The Hell With Lunch, Let’s Email!!

This is a commercial for Sutter Health.  It was sent to me by a reader who said:

Most of us physicians who have patient e-mails foisted on us do not act so chipper when receiving them.  The poor bastard in the clip couldn’t finish his lunch without being interrupted and, unlike an attorney, is NOT getting reimbursed for his time and effort.  The future of medicine…

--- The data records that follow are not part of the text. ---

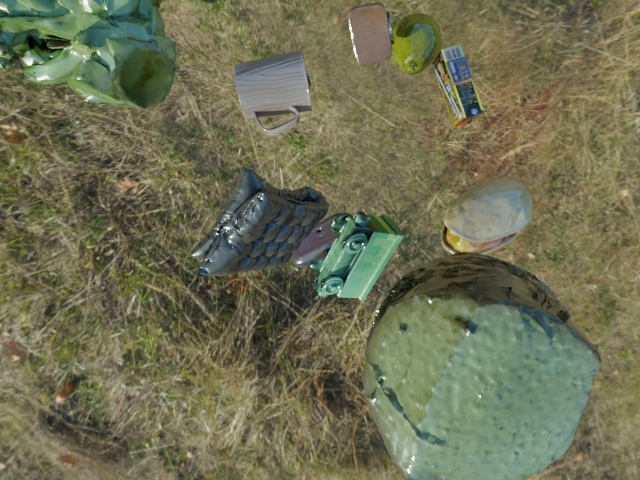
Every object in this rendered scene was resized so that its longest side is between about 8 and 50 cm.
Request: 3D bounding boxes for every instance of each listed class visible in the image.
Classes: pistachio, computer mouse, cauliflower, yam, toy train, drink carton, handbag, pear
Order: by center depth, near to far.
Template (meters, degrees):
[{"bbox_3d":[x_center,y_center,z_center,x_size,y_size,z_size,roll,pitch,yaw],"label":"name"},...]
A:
[{"bbox_3d":[0.146,0.116,0.438,0.201,0.271,0.203,14,98,8],"label":"yam"},{"bbox_3d":[-0.259,-0.267,0.470,0.275,0.272,0.250,-30,84,31],"label":"cauliflower"},{"bbox_3d":[0.314,-0.353,0.970,0.056,0.071,0.166,-17,87,-2],"label":"drink carton"},{"bbox_3d":[0.476,-0.068,1.201,0.299,0.187,0.188,-33,112,-17],"label":"pistachio"},{"bbox_3d":[0.096,0.049,1.238,0.202,0.120,0.301,7,124,-33],"label":"toy train"},{"bbox_3d":[0.001,0.000,1.329,0.232,0.120,0.057,-29,149,21],"label":"computer mouse"},{"bbox_3d":[0.180,-0.723,1.481,0.151,0.072,0.193,-8,124,10],"label":"handbag"},{"bbox_3d":[0.377,-0.783,1.678,0.212,0.269,0.212,10,151,6],"label":"pear"}]

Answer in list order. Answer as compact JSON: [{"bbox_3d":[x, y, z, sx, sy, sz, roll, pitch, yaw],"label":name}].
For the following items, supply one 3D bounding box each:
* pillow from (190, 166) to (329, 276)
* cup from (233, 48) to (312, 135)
[{"bbox_3d":[-0.117,-0.028,0.945,0.101,0.326,0.228,47,109,20],"label":"pillow"},{"bbox_3d":[-0.166,-0.548,1.590,0.273,0.208,0.288,-10,104,0],"label":"cup"}]

Agreed.  This will NOT work unless you are a direct primary care doctor.  Then you do get paid monthly and actually want to add this kind of value.  In the present system, emails will burn the rest of us (those who haven’t quit or retired) out.

 

Douglas Farrago MD

Douglas Farrago MD is a full-time practicing family doc in Forest, Va. He started Forest Direct Primary Care where he takes no insurance and bills patients a monthly fee. He is board certified in the specialty of Family Practice. He is the inventor of a product called the Knee Saver which is currently in the Baseball Hall of Fame. The Knee Saver and its knock-offs are worn by many major league baseball catchers. He is also the inventor of the CryoHelmet used by athletes for head injuries as well as migraine sufferers. Dr. Farrago is the author of four books, two of which are the top two most popular DPC books. From 2001 – 2011, Dr. Farrago was the editor and creator of the Placebo Journal which ran for 10 full years. Described as the Mad Magazine for doctors, he and the Placebo Journal were featured in the Washington Post, US News and World Report, the AP, and the NY Times. Dr. Farrago is also the editor of the blog Authentic Medicine which was born out of concern about where the direction of healthcare is heading and the belief that the wrong people are in charge. This blog has been going daily for more than 15 years Article about Dr. Farrago in Doximity Email Dr. Farrago – [email protected] 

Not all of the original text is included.